Source material below:
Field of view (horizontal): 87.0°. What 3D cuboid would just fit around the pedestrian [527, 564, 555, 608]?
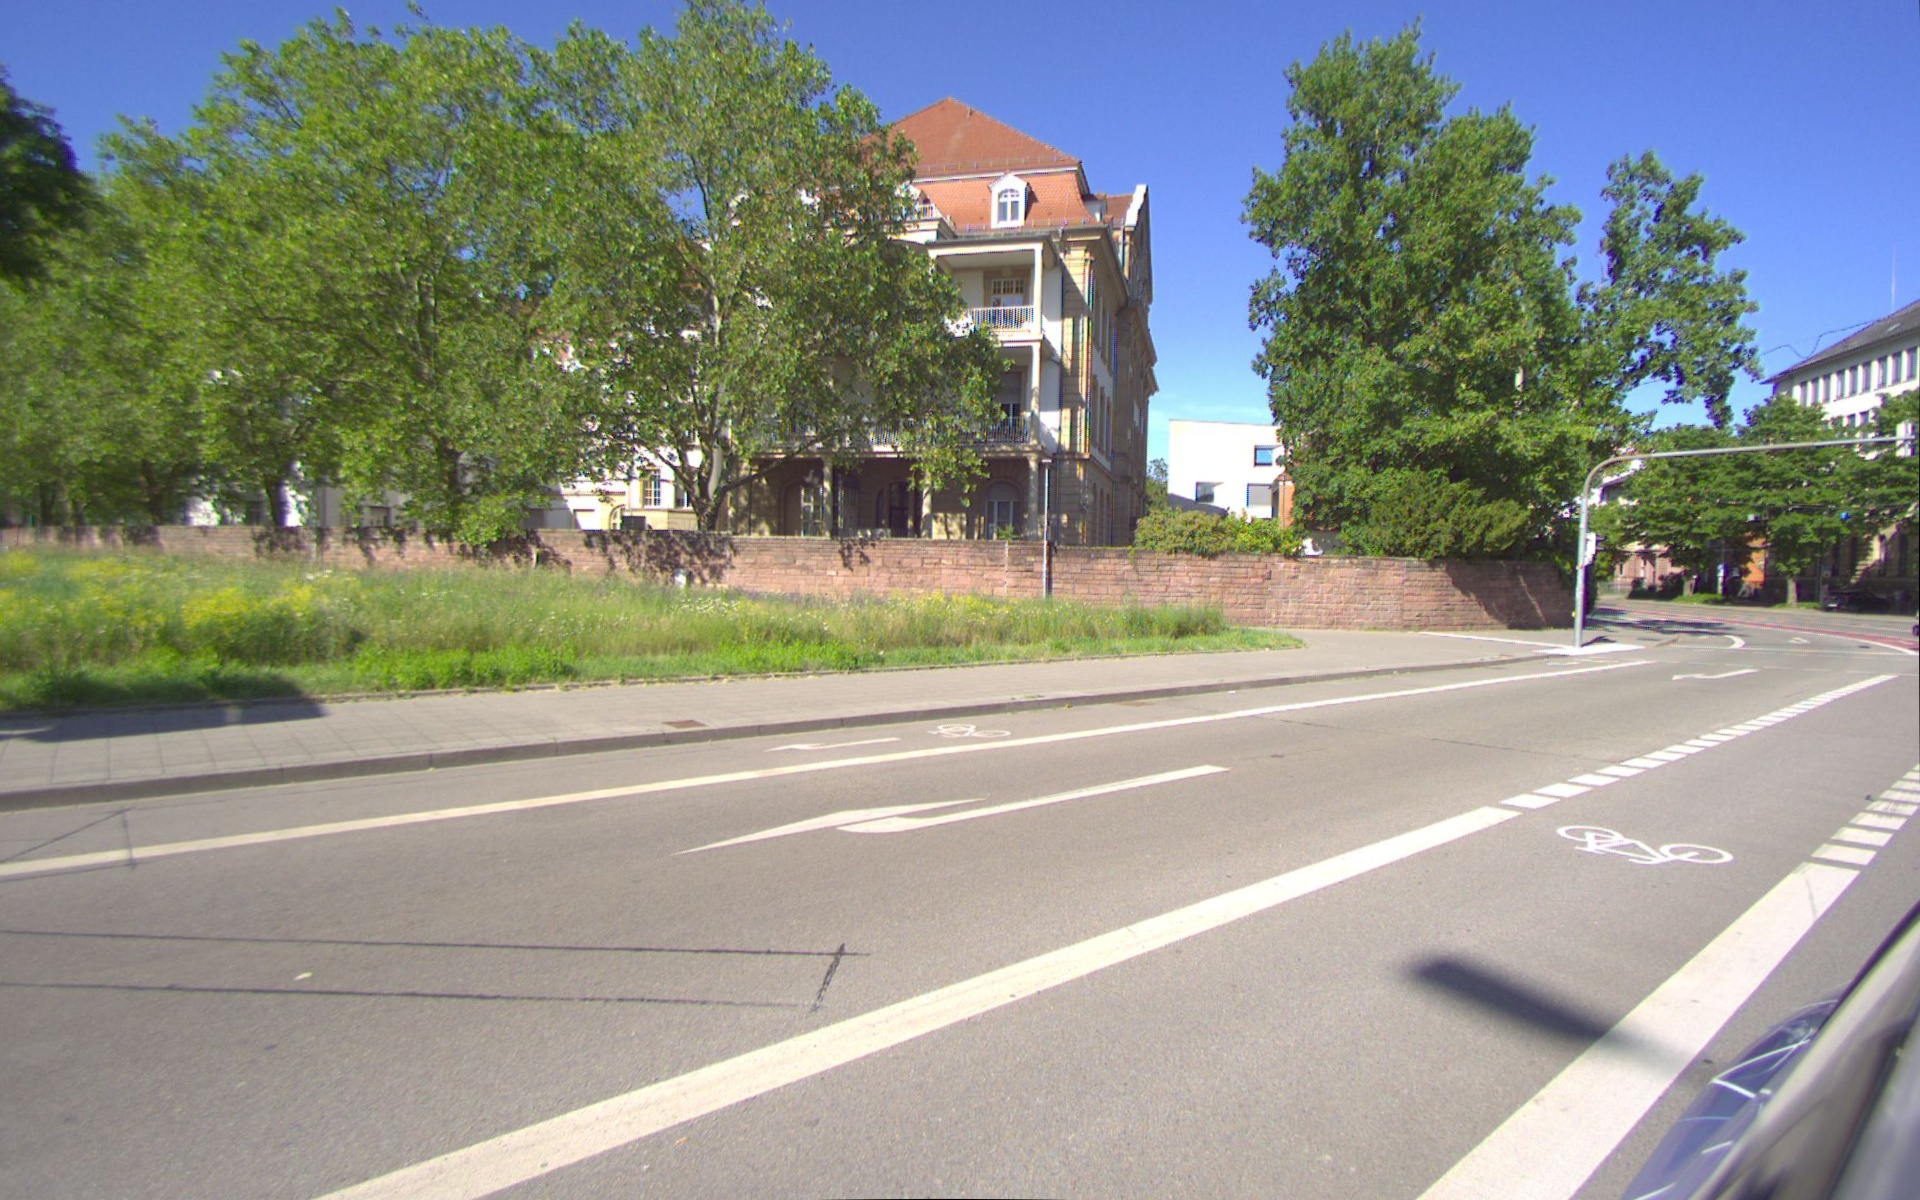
[{"bbox_3d":[-13.845,-0.461,33.454,0.516,1.461,0.721,0,0,20],"label":"pedestrian"}]

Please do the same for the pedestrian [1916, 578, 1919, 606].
[{"bbox_3d":[64.061,-0.526,67.297,0.514,1.899,0.360,1,1,16],"label":"pedestrian"}]

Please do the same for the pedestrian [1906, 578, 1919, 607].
[{"bbox_3d":[63.442,-0.480,67.389,0.514,1.916,0.360,1,1,16],"label":"pedestrian"}]

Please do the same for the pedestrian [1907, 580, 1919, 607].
[{"bbox_3d":[63.639,-0.425,67.365,0.670,1.744,0.584,1,3,27],"label":"pedestrian"}]

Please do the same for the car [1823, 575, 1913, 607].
[{"bbox_3d":[61.204,-0.642,68.245,4.615,2.038,2.004,1,2,-9],"label":"car"}]
End of Source material.
**Your assignment**
Word for word and without any pictures, return all of the lines above.

**Task output**
Field of view (horizontal): 87.0°. What 3D cuboid would just fit around the pedestrian [527, 564, 555, 608]?
[{"bbox_3d":[-13.845,-0.461,33.454,0.516,1.461,0.721,0,0,20],"label":"pedestrian"}]

Please do the same for the pedestrian [1916, 578, 1919, 606].
[{"bbox_3d":[64.061,-0.526,67.297,0.514,1.899,0.360,1,1,16],"label":"pedestrian"}]

Please do the same for the pedestrian [1906, 578, 1919, 607].
[{"bbox_3d":[63.442,-0.480,67.389,0.514,1.916,0.360,1,1,16],"label":"pedestrian"}]

Please do the same for the pedestrian [1907, 580, 1919, 607].
[{"bbox_3d":[63.639,-0.425,67.365,0.670,1.744,0.584,1,3,27],"label":"pedestrian"}]

Please do the same for the car [1823, 575, 1913, 607].
[{"bbox_3d":[61.204,-0.642,68.245,4.615,2.038,2.004,1,2,-9],"label":"car"}]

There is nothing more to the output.